Decimomannu ( or  ) is a comune in the Metropolitan City of Cagliari, Sardinia, Italy. It is located about  northwest of central Cagliari and had a population of about 8,115 .

Geography
Decimomannu borders the municipalities of Assemini, Decimoputzu, San Sperate, Siliqua, Uta, Villasor, and Villaspeciosa. It is served by a railway station connecting it to Iglesias, Golfo Aranci, and Cagliari.

Climate
The climate is hot-summer Mediterranean (Köppen: Csa), similar to the rest of the south-central coast of Italy.

History 
Decimomannu's origins date back at least to Roman times, as attested by its Latin name, meaning "the biggest town located ten miles from Cagliari". Its earlier history was revealed when a necropolis from Phoenician-Punic times was found in 1879–80. It was the location of the battle of Decimomannu during the revolt of Hampsicora.

After belonging to the Byzantine Empire, in the Middle Ages it became part of the Giudicato of Cagliari.  Several giudici (from Latin iudice, literally "judge")  established their residences in Decimomannu. After the fall of the Giudicato of Cagliari, Decimomannu belonged to the Della Gherardesca family from Pisa. The Battle of Lucocisterna, fought between the Pisane and the Aragonese, took place here in 1324, and after it the town belonged to the latter (with the exception of a short period under the Giudicato of Arborea in 1353-1355). Decimomannu was part of the Kingdom of Sardinia in the Spanish Empire until 1708, when, together with the whole Sardinia, came under Piedmontese rule in 1720.

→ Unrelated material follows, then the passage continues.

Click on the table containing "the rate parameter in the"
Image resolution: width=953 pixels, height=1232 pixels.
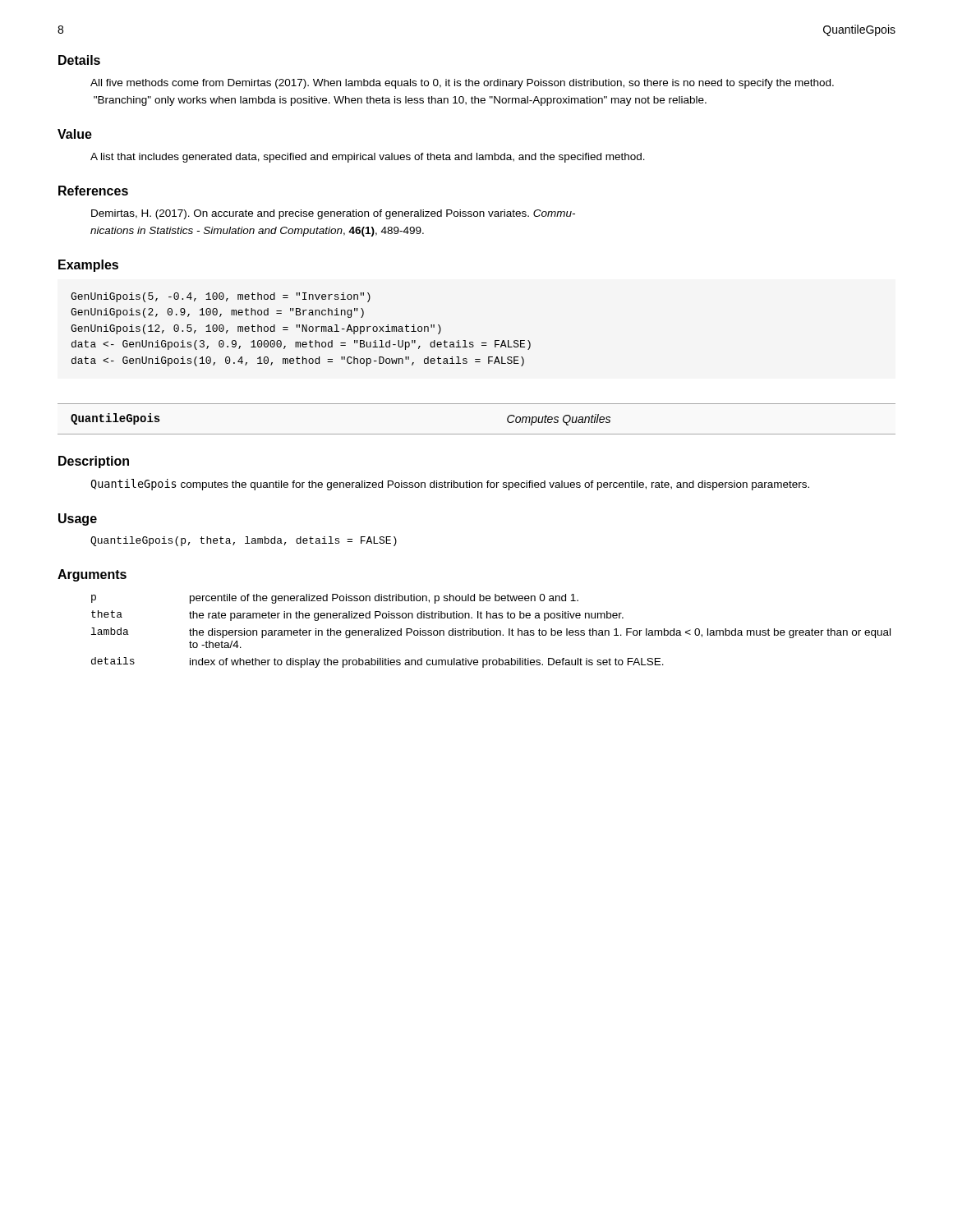pyautogui.click(x=476, y=629)

On December 18, 2020, it was announced the institution of the International Flight Training School within the local military airport. It is a long-term collaboration between the Italian Air Force and Finmeccanica to train military pilots on modern flight simulators.

Main sights
Church of Sant'Antonio Abate (16th century), in Gothic-Catalan style
Church of Santa Greca, built in 1777 above a pre-existing one dating perhaps from around 1500.